No sólo mudaron totalmente las comunicaciones sino también el paisaje y el aspecto de Punta Umbría. De ser un pueblo con todas sus calles de arena, pasó a formar parte, otro más, del universo del asfalto. Y los cambios urbanísticos, tantos de ellos disparatados, destructivos, se sucedieron como en efecto dominó, nunca mejor dicho. Aunque no ocurrió de pronto. Al principio, avanzando a trechos, la pista negra llegó hasta la Ría, junto a la casa de Matías López, muy parecida a las de los ingleses. El resto seguía como antes; los coches no podían circular a no ser que fuesen todoterrenos. Pero algunos se empeñaban. Y se quedaban atascados. Se convirtió en escena habitual la del vehículo atorado en el suelo, acelerado y con la rueda resbalando en la tierra blanda, girando loca para conseguir solamente hundirse más y más. Los autóctonos llegaron a ser, a fuerza de contemplar el mismo caso una vez y otra, expertos en sacar incautos del atolladero. Cuando el visitante, desesperado y sudando, trataba inútilmente de salir del apuro, llegaba un lugareño y comenzaba a darle consejos. Era cuestión de poner unos cartones bajo las ruedas. ¡Busquen cartones! Aquí o allá se buscaban cartones que resultaban no servir para nada. Más y más gente se iba agolpando alrededor. Llegaba otro especialista. No, no; lo que tiene usted que hacer es enderezar las ruedas y meter tercera. Y vosotros no miréis tanto. ¡A empujar! Tras muchos y variopintos ensayos, el auto salía, sin que se supiera cómo ni por qué, entre expresiones de consuelo de la víctima, gestos de gratitud a los asistentes y promesas al viento de no volver a salirse del firme.

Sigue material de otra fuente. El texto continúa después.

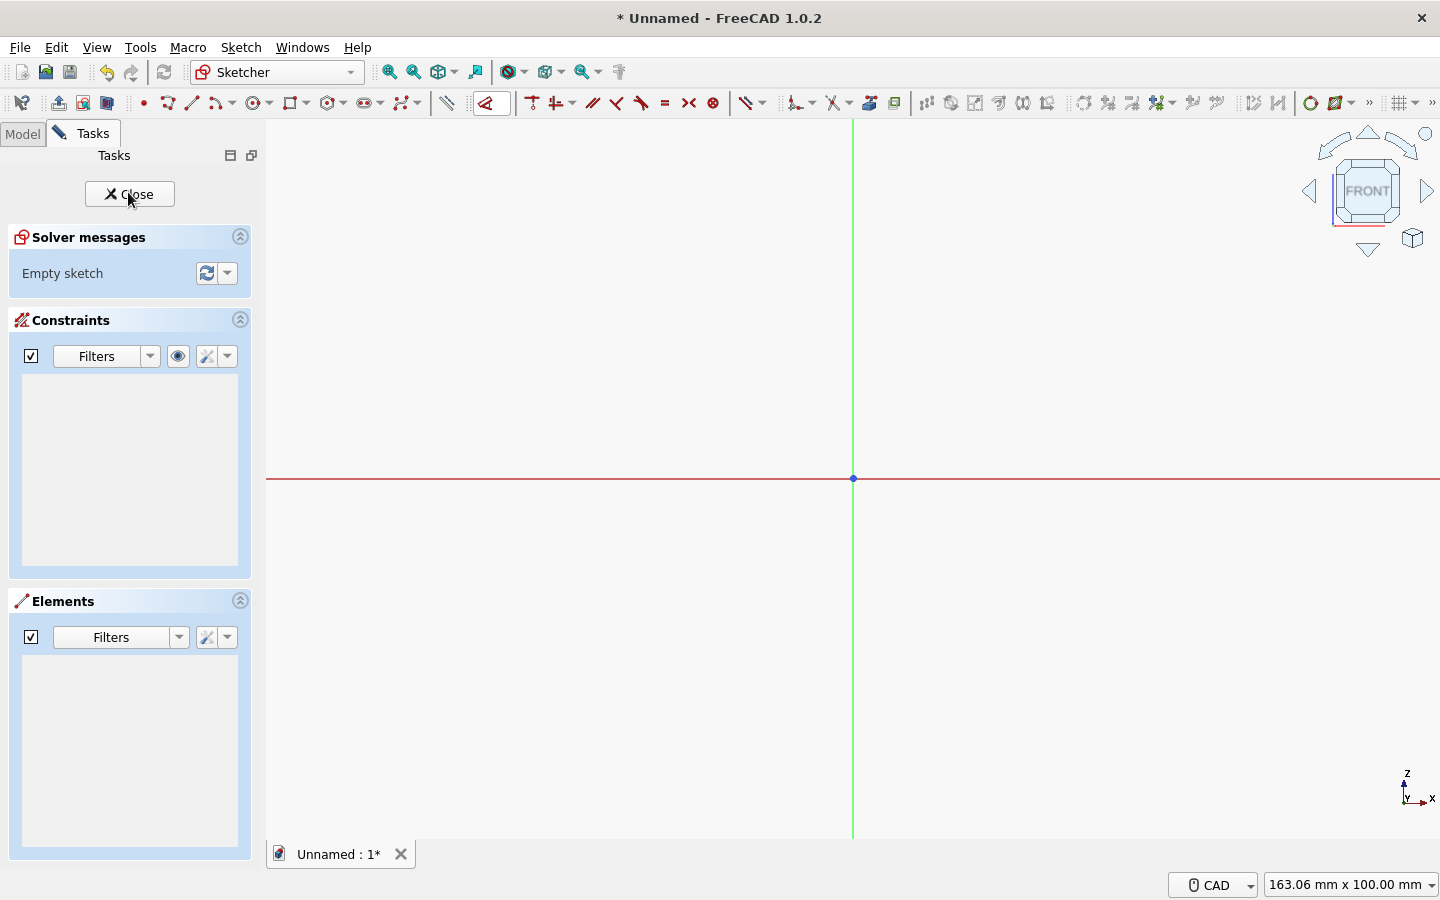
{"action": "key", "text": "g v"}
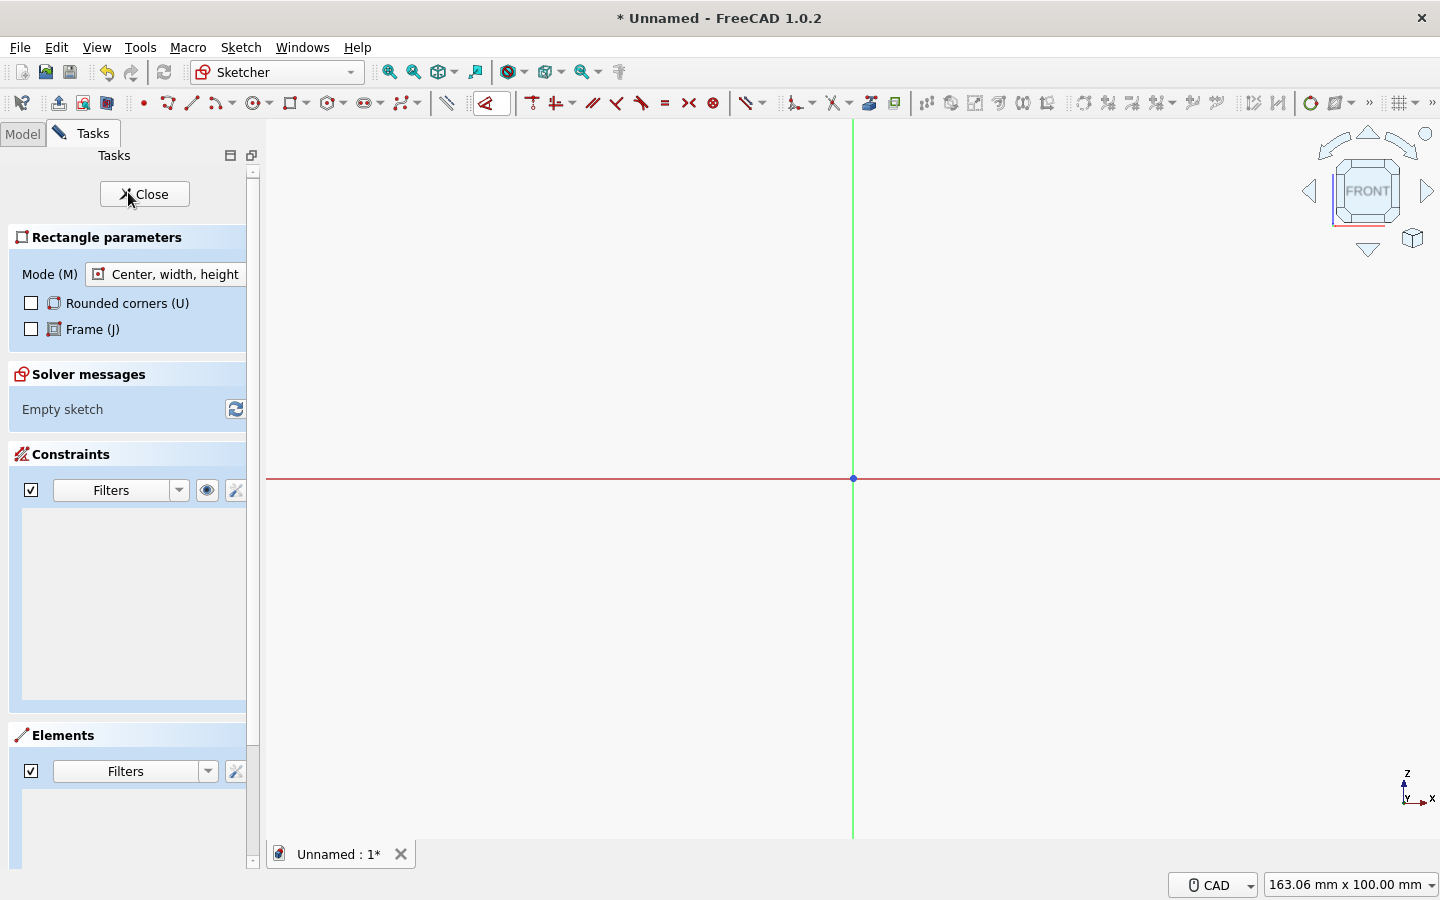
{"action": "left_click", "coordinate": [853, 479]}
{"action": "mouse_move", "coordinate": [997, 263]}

En una ocasión, un amigo y yo estábamos en la calle del Cerrito, frente a Villa Buenos Aires. Un coche se había quedado atascado. El conductor cavaba con agobio bajo los bajos, nos miraba con cara disimuladamente suplicante y nosotros no sabíamos lo que hacer para ayudarle. Así que, como se acostumbra en nuestro país, allí estábamos de pie viendo desarrollarse los acontecimientos. De una esquina, caminando muy rápido, con evidentes prisas, llegó casualmente uno que sí entendía del asunto. Tanto que fue de los primeros en montar un taller de automoción en el pueblo. Echó un vistazo, se puso al volante, lo enderezó, arrancó, cambió la marcha y, antes de que nos diésemos cuenta, el automóvil estaba fuera y el buen samaritano había seguido su camino andando con la misma prisa que traía. El afectado, suspiros de alivio, sacó un billete de cien pesetas y se lo dio a mi amigo, que se quedó mudo, mirándome y mirando el dinero. El conductor, antes de que acertásemos a decir nada, aceleraba con prisa y sin pausa hacia terrenos más sólidos. Nos encogimos de hombros, nos fuimos al Bar Julián y pedimos unas cervezas.
Pudimos por primera vez montar en bicicleta, sin limitarnos, a veces haciendo equilibrios incómodos, a las aceras, la Calle San Francisco Javier, la Plaza o la marea baja. La marea baja. Esa sí que era una estampa poética propia de Punta Umbría: el ciclista recortado contra un fondo de olas rodando por el suelo muy fugazmente duro de la bajamar hacia el sol poniente. Como fotograma de Fellini. Imagen que se perdería para ganar la posibilidad de pedalear mucho más rápido por el asfalto, hasta la Vieja Guardia, El Calé o El Portil. Asfalto que iba a extenderse, año tras año, por todas las calles del pueblo al igual que un progreso mal entendido que acabaría con zonas y edificios fundamentales para la esencia, para el espíritu, del sitio.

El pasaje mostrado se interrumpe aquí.